Be a blessing to all you know and allow them to be a blessing to you.


Wednesday, December 2, 2015

The Secret to Catholic Happiness and Joy



At the center of our faith is the Eucharist, the body, blood, soul, and divinity of Jesus Christ. It is the source and summit of the Catholic Faith. Everything we do as a people flows from and goes back to him. The Eucharist is the number one reason to be Catholic, to become Catholic, or to return to the Catholic faith.
 

Ephesians 2:8
                By grace you have been saved through faith; and not that from yourselves, it is the gift of God.”

This is the foundation of our joy, that through our faith in Jesus Christ we have been saved and redeemed. Death has no hold on us. Through our baptism we become adopted children of God the Father. 

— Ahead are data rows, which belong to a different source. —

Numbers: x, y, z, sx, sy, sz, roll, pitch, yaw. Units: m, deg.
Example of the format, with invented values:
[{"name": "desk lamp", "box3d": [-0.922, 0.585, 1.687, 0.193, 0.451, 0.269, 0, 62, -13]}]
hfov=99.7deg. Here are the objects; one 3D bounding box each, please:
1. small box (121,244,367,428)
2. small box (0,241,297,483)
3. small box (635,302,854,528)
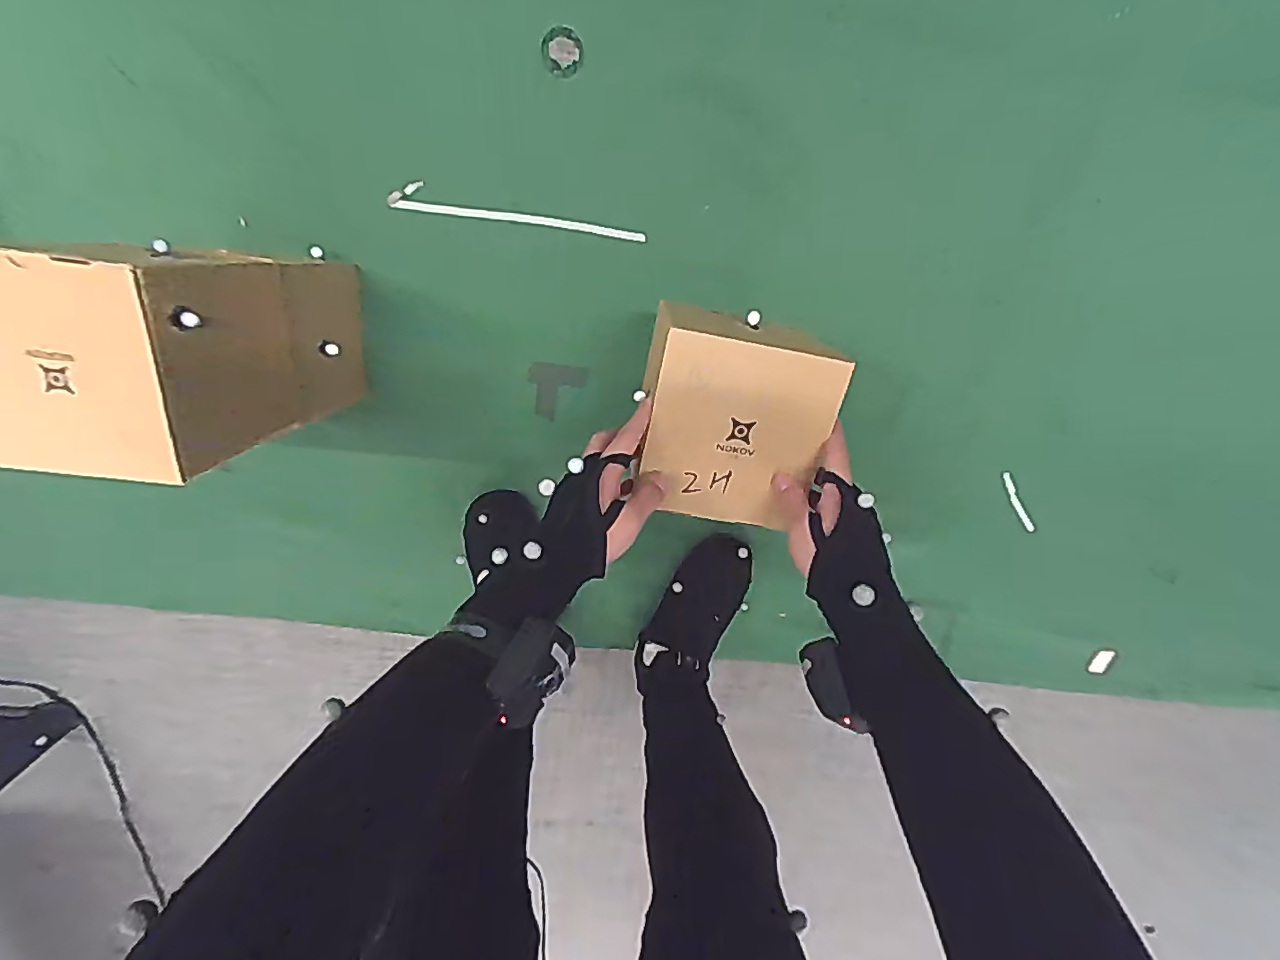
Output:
[{"name": "small box", "box3d": [-0.450, -0.176, 0.646, 0.168, 0.176, 0.179, 6, 113, -1]}, {"name": "small box", "box3d": [-0.449, -0.115, 0.497, 0.168, 0.176, 0.179, 6, 111, -1]}, {"name": "small box", "box3d": [0.089, -0.077, 0.565, 0.168, 0.176, 0.179, 10, 116, -5]}]

We have been provided the structure needed to live a joy filled life in Exodus 20, 1-17 and Luke 10:27. The Ten Commandments flow directly from the nature of God and establish morality which shows us how to live just and upright lives. Jesus focuses these commandments into the great Commandment – to love our God with all that we are and to love our neighbors as ourselves.

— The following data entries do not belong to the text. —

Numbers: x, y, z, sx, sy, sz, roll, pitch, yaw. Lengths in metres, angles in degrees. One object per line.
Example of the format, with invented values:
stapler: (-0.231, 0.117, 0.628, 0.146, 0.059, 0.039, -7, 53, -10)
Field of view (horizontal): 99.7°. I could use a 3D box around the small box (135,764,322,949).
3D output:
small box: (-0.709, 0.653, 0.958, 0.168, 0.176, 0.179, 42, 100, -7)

There are three things that are repeated throughout all Holy Scripture. Anytime God interacts with his people, either directly or through one of his angels, we are always told, “Be not afraid. Peace be with you.”  When we trust in God we have no reason to fear anything. We can be at peace knowing that he will always provide exactly what we need. Even during times of great distress or persecution we can still live joyful lives through our trust that God will always be there with us. 

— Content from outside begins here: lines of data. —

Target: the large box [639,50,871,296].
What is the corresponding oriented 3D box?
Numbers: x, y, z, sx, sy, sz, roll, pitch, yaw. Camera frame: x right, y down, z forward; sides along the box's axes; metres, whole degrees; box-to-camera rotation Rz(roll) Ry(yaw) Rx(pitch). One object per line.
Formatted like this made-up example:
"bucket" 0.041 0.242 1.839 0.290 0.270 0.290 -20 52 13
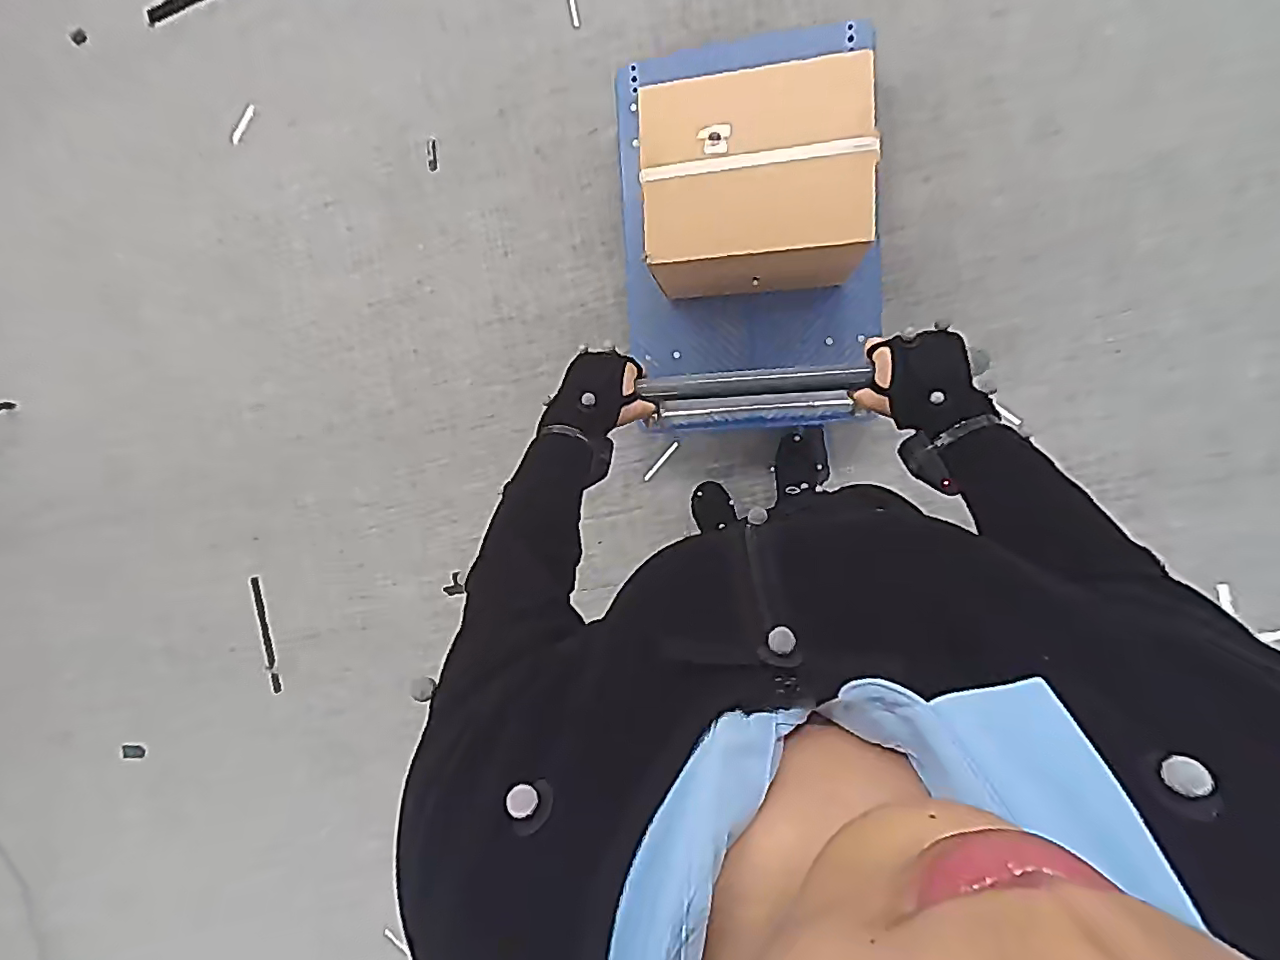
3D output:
"large box" 0.232 -0.585 1.113 0.408 0.320 0.320 -2 95 12

True Christianity is never a private relationship. Selfishness is the true root of all evil. We are called to love and serve our brothers, our neighbors, even our enemies. The more we empty ourselves in service to the other the more room Jesus has to live within us. Where Jesus is there is joy. There are three ways that Catholics fulfill this calling:

Servant – We are called to directly serve others. We are called to feed the hungry, give drink to the thirsty, clothe the naked, give shelter to the homeless, care for the sick, visit those in prison, and to bury the dead. These are the corporal works of mercy. The measure of mercy you give will be the measure of mercy you shall receive.

Shepherd – We are called to lead and guide others, both directly and as example in how we live our lives. We are called to instruct the ignorant, counsel the doubtful, offer fraternal correction, bear wrongs patiently, forgive offences willingly, comfort the afflicted, and pray for the dead. These are the spiritual works of mercy.

Steward – We are called to be good stewards of everything within our care. Jesus was asked by the rich man what he must do to inherit eternal life. The answer was to sell everything and follow Jesus. When we choose to follow Christ we recognize that everything we have ultimately belongs to God and that we are nothing more than stewards of these things. We are called to care for all of God’s creation. He gave us dominion over all of the earth and its creatures to care for it and not to use it recklessly for our own profit. We are to ensure that objects under our control are used properly and not for selfish gain. With what we take we can make a living; with what we give we can make a life. 

True joy starts with Jesus at your center and emanates outward with love, service, and stewardship. The more you empty yourself in love and service to others the more God fills the space and the greater your joy becomes.

Be a blessing to all you meet and allow them to be a blessing to you.